-- Opening Marker --

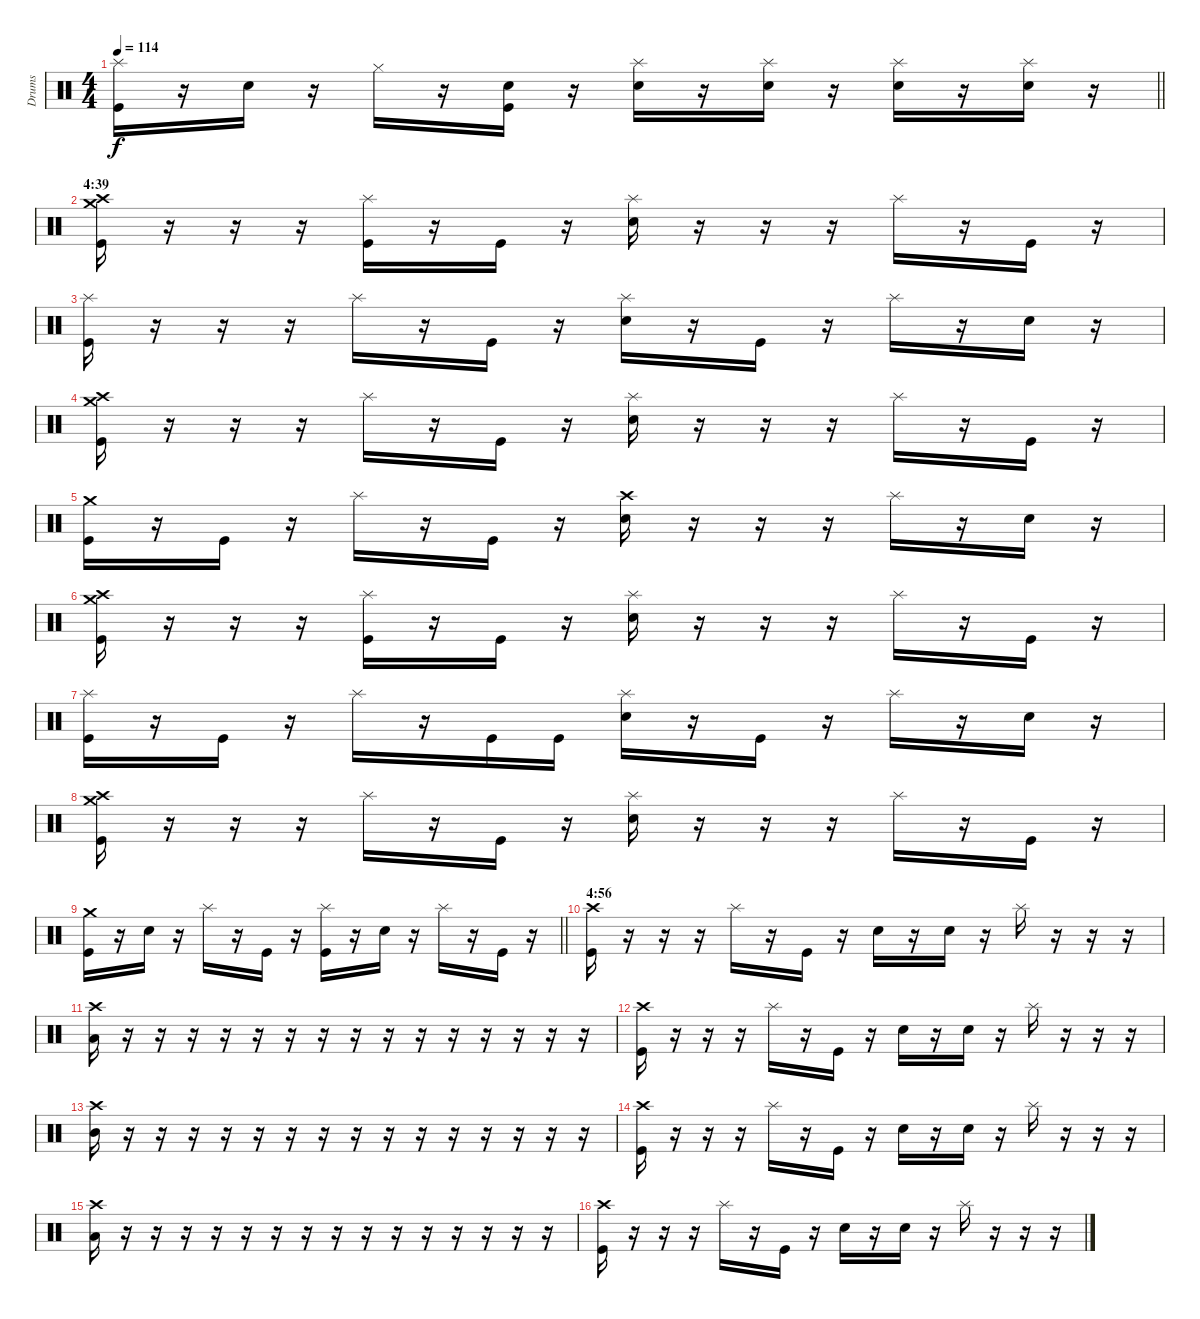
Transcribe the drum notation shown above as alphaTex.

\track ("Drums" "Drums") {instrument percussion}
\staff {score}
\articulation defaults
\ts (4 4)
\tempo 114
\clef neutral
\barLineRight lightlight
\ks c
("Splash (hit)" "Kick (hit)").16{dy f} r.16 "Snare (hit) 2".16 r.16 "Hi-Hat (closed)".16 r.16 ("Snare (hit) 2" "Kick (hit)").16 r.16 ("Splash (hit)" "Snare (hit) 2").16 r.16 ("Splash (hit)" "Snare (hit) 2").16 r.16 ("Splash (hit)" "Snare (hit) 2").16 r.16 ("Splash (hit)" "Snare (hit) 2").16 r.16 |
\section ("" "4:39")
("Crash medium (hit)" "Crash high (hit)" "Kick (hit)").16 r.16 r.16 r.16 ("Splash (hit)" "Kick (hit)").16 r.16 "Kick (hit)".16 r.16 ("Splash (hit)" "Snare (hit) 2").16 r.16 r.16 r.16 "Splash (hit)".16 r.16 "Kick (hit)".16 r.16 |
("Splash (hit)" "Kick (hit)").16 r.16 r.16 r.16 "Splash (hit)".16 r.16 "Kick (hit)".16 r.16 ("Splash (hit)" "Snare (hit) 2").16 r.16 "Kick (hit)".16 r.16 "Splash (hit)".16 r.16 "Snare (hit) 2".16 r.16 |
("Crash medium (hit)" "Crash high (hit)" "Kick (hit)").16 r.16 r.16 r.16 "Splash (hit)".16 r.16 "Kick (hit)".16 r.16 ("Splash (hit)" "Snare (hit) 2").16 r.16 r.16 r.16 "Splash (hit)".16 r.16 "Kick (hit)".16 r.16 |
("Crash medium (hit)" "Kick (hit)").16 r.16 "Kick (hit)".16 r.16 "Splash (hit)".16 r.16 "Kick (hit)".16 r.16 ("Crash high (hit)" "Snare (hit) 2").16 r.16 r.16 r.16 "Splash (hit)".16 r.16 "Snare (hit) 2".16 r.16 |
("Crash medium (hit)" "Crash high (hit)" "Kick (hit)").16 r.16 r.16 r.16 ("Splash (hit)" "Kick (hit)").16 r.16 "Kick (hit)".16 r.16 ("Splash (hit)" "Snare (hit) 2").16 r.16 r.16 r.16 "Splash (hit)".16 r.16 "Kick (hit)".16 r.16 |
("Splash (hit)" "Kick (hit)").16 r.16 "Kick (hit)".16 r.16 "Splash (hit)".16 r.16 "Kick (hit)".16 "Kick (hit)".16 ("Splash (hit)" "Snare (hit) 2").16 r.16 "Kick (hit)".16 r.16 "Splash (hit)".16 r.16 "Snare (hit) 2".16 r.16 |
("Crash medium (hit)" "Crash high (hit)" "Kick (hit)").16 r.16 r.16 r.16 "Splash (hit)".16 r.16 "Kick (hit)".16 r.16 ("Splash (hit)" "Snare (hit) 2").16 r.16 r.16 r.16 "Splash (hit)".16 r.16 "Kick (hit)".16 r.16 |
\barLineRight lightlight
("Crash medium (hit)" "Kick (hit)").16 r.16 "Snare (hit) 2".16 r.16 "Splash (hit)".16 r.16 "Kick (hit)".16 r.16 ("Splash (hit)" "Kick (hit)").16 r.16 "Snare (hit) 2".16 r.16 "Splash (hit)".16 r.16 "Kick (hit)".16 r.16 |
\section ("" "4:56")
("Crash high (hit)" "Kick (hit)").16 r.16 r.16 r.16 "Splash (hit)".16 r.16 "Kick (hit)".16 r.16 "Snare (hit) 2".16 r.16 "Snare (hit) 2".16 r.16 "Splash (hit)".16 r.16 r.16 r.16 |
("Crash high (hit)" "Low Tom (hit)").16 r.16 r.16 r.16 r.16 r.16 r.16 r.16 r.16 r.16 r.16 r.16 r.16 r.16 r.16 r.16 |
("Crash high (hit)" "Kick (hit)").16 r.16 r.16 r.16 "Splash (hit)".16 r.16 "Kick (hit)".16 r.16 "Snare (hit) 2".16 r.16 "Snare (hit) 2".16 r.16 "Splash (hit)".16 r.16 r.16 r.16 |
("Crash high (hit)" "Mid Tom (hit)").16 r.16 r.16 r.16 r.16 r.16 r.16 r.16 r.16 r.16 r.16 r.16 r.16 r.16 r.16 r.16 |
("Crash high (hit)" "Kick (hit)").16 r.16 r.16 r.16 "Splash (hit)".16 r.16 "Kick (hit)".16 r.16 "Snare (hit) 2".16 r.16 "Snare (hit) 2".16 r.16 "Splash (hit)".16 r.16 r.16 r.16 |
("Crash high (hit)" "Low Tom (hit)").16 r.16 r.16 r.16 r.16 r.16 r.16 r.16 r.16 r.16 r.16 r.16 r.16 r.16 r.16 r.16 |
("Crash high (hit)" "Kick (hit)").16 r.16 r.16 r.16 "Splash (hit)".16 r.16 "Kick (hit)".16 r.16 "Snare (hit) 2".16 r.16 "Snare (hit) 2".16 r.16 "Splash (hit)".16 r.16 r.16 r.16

-- Closing Marker --

### [Your objective]
Please retype all the entries word for word, omitting the pictures.

### [Your solution]
Transcribe the drum notation shown above as alphaTex.

\track ("Drums" "Drums") {instrument percussion}
\staff {score}
\articulation defaults
\ts (4 4)
\tempo 114
\clef neutral
\barLineRight lightlight
\ks c
("Splash (hit)" "Kick (hit)").16{dy f} r.16 "Snare (hit) 2".16 r.16 "Hi-Hat (closed)".16 r.16 ("Snare (hit) 2" "Kick (hit)").16 r.16 ("Splash (hit)" "Snare (hit) 2").16 r.16 ("Splash (hit)" "Snare (hit) 2").16 r.16 ("Splash (hit)" "Snare (hit) 2").16 r.16 ("Splash (hit)" "Snare (hit) 2").16 r.16 |
\section ("" "4:39")
("Crash medium (hit)" "Crash high (hit)" "Kick (hit)").16 r.16 r.16 r.16 ("Splash (hit)" "Kick (hit)").16 r.16 "Kick (hit)".16 r.16 ("Splash (hit)" "Snare (hit) 2").16 r.16 r.16 r.16 "Splash (hit)".16 r.16 "Kick (hit)".16 r.16 |
("Splash (hit)" "Kick (hit)").16 r.16 r.16 r.16 "Splash (hit)".16 r.16 "Kick (hit)".16 r.16 ("Splash (hit)" "Snare (hit) 2").16 r.16 "Kick (hit)".16 r.16 "Splash (hit)".16 r.16 "Snare (hit) 2".16 r.16 |
("Crash medium (hit)" "Crash high (hit)" "Kick (hit)").16 r.16 r.16 r.16 "Splash (hit)".16 r.16 "Kick (hit)".16 r.16 ("Splash (hit)" "Snare (hit) 2").16 r.16 r.16 r.16 "Splash (hit)".16 r.16 "Kick (hit)".16 r.16 |
("Crash medium (hit)" "Kick (hit)").16 r.16 "Kick (hit)".16 r.16 "Splash (hit)".16 r.16 "Kick (hit)".16 r.16 ("Crash high (hit)" "Snare (hit) 2").16 r.16 r.16 r.16 "Splash (hit)".16 r.16 "Snare (hit) 2".16 r.16 |
("Crash medium (hit)" "Crash high (hit)" "Kick (hit)").16 r.16 r.16 r.16 ("Splash (hit)" "Kick (hit)").16 r.16 "Kick (hit)".16 r.16 ("Splash (hit)" "Snare (hit) 2").16 r.16 r.16 r.16 "Splash (hit)".16 r.16 "Kick (hit)".16 r.16 |
("Splash (hit)" "Kick (hit)").16 r.16 "Kick (hit)".16 r.16 "Splash (hit)".16 r.16 "Kick (hit)".16 "Kick (hit)".16 ("Splash (hit)" "Snare (hit) 2").16 r.16 "Kick (hit)".16 r.16 "Splash (hit)".16 r.16 "Snare (hit) 2".16 r.16 |
("Crash medium (hit)" "Crash high (hit)" "Kick (hit)").16 r.16 r.16 r.16 "Splash (hit)".16 r.16 "Kick (hit)".16 r.16 ("Splash (hit)" "Snare (hit) 2").16 r.16 r.16 r.16 "Splash (hit)".16 r.16 "Kick (hit)".16 r.16 |
\barLineRight lightlight
("Crash medium (hit)" "Kick (hit)").16 r.16 "Snare (hit) 2".16 r.16 "Splash (hit)".16 r.16 "Kick (hit)".16 r.16 ("Splash (hit)" "Kick (hit)").16 r.16 "Snare (hit) 2".16 r.16 "Splash (hit)".16 r.16 "Kick (hit)".16 r.16 |
\section ("" "4:56")
("Crash high (hit)" "Kick (hit)").16 r.16 r.16 r.16 "Splash (hit)".16 r.16 "Kick (hit)".16 r.16 "Snare (hit) 2".16 r.16 "Snare (hit) 2".16 r.16 "Splash (hit)".16 r.16 r.16 r.16 |
("Crash high (hit)" "Low Tom (hit)").16 r.16 r.16 r.16 r.16 r.16 r.16 r.16 r.16 r.16 r.16 r.16 r.16 r.16 r.16 r.16 |
("Crash high (hit)" "Kick (hit)").16 r.16 r.16 r.16 "Splash (hit)".16 r.16 "Kick (hit)".16 r.16 "Snare (hit) 2".16 r.16 "Snare (hit) 2".16 r.16 "Splash (hit)".16 r.16 r.16 r.16 |
("Crash high (hit)" "Mid Tom (hit)").16 r.16 r.16 r.16 r.16 r.16 r.16 r.16 r.16 r.16 r.16 r.16 r.16 r.16 r.16 r.16 |
("Crash high (hit)" "Kick (hit)").16 r.16 r.16 r.16 "Splash (hit)".16 r.16 "Kick (hit)".16 r.16 "Snare (hit) 2".16 r.16 "Snare (hit) 2".16 r.16 "Splash (hit)".16 r.16 r.16 r.16 |
("Crash high (hit)" "Low Tom (hit)").16 r.16 r.16 r.16 r.16 r.16 r.16 r.16 r.16 r.16 r.16 r.16 r.16 r.16 r.16 r.16 |
("Crash high (hit)" "Kick (hit)").16 r.16 r.16 r.16 "Splash (hit)".16 r.16 "Kick (hit)".16 r.16 "Snare (hit) 2".16 r.16 "Snare (hit) 2".16 r.16 "Splash (hit)".16 r.16 r.16 r.16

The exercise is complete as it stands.